Before using the term ******* you may want to read up on it.


----------



## NotHuman

Dear TwoStep



twostep said:


> Before using the term ******* you may want to read up on it.


*******: "ignorant, intolerant, narrow-minded and bigoted." Source: Chambers English dictionary.

I couldn't have put it any better - even with aforethought!

Actually, '*******' may be a better name for the Blackwater [see footnotes] private army allegedly supporting US troops in the Middle East but in reality, only there for a turkey-shoot. That is, take a '*******', give him high-powered firearms and send him on a 'Christian' crusade to wipe out Muslims.

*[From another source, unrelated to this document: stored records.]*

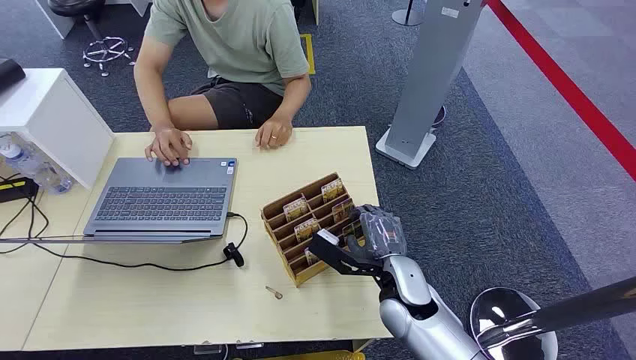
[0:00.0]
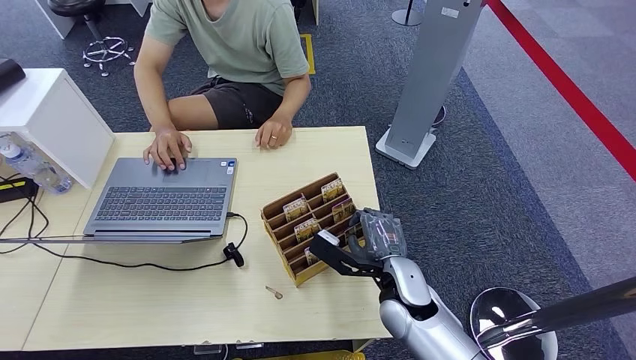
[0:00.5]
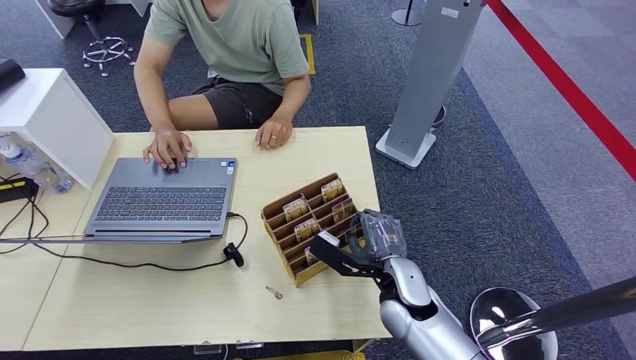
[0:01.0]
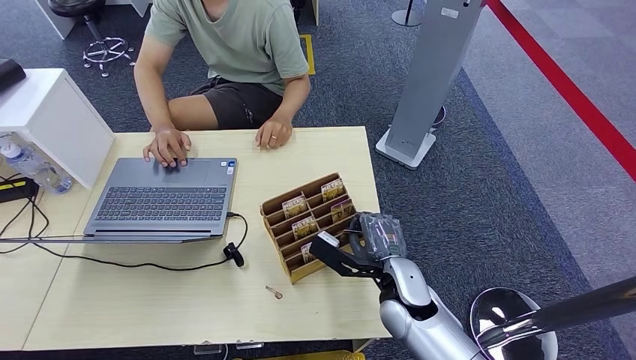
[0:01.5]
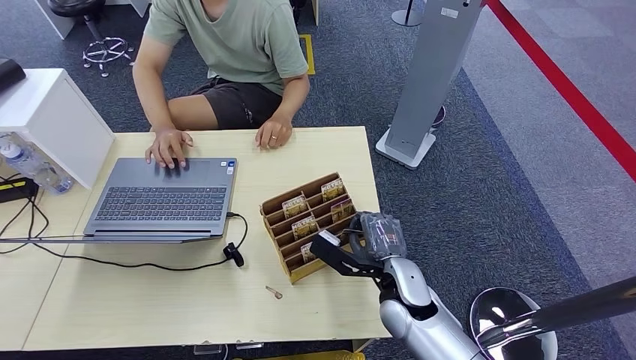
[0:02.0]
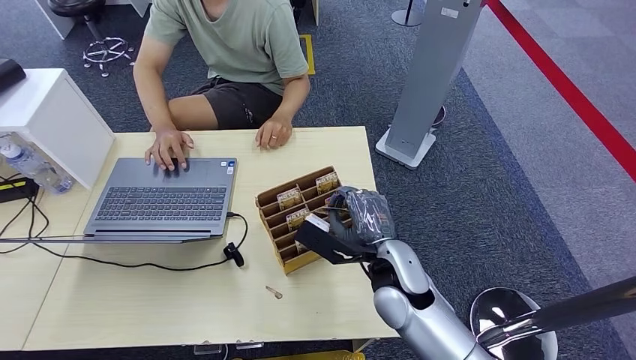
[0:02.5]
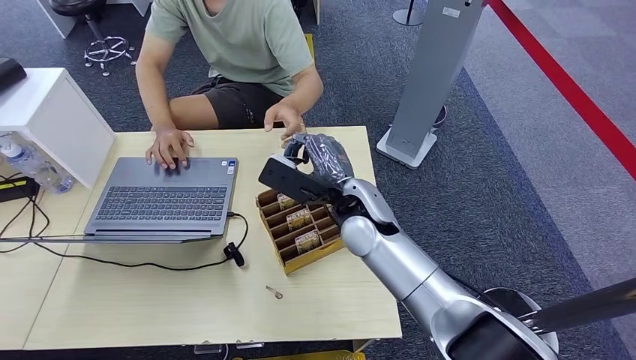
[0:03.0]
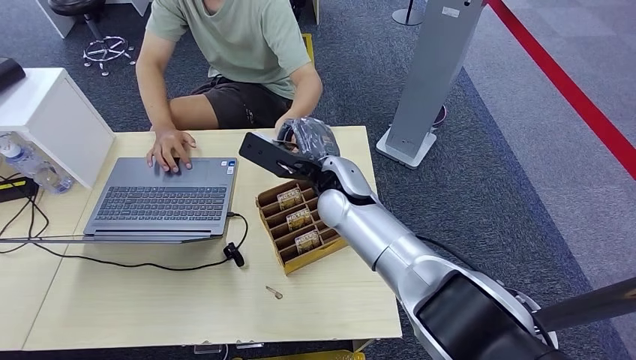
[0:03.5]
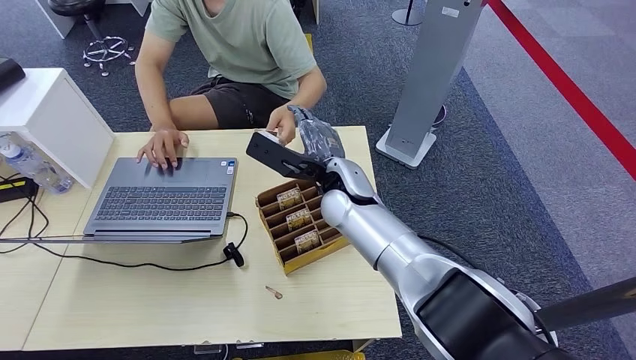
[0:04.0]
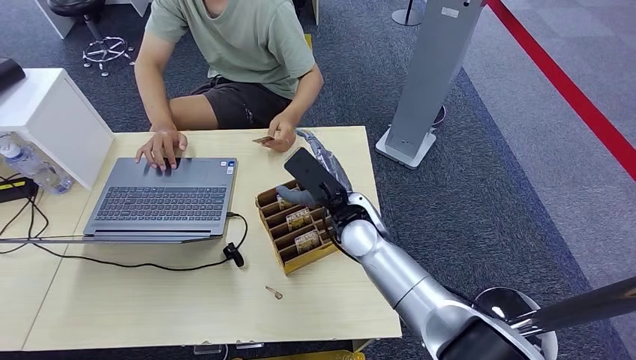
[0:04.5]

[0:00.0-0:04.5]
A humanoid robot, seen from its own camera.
Step, 0:00.0 to 0:03.0: Pick up the key card from the card box.
Step, 0:03.5 to 0:04.5: Hand the key card to the target.
0:02.0 to 0:04.5: The right hand heads forward, upward and to the left, covering roughly 15 cm.

Why do I mention Blackwater on the subject of immigration? Simply because when these ******** 'retire' from whichever private army they belong to, they will be excellent candidates for a position with Homeland Security (immigration 'control', border guards, etc.).

Footnotes:

Blackwater, the world's biggest private army, faces a terrible charge - that they were on a crusade to wipe out Muslims | Mail Online

Also ...

"Blackwater founder Erik Prince ‘views himself as a Christian crusader tasked with eliminating Muslims and the Islamic faith from the globe,’ according to a former employee." Read more: Iraqis seek justice against Blackwater boss accused of 'crusade to wipe out Muslims' | Mail Online

Yours sincerely, Corruption in the US immigration system


----------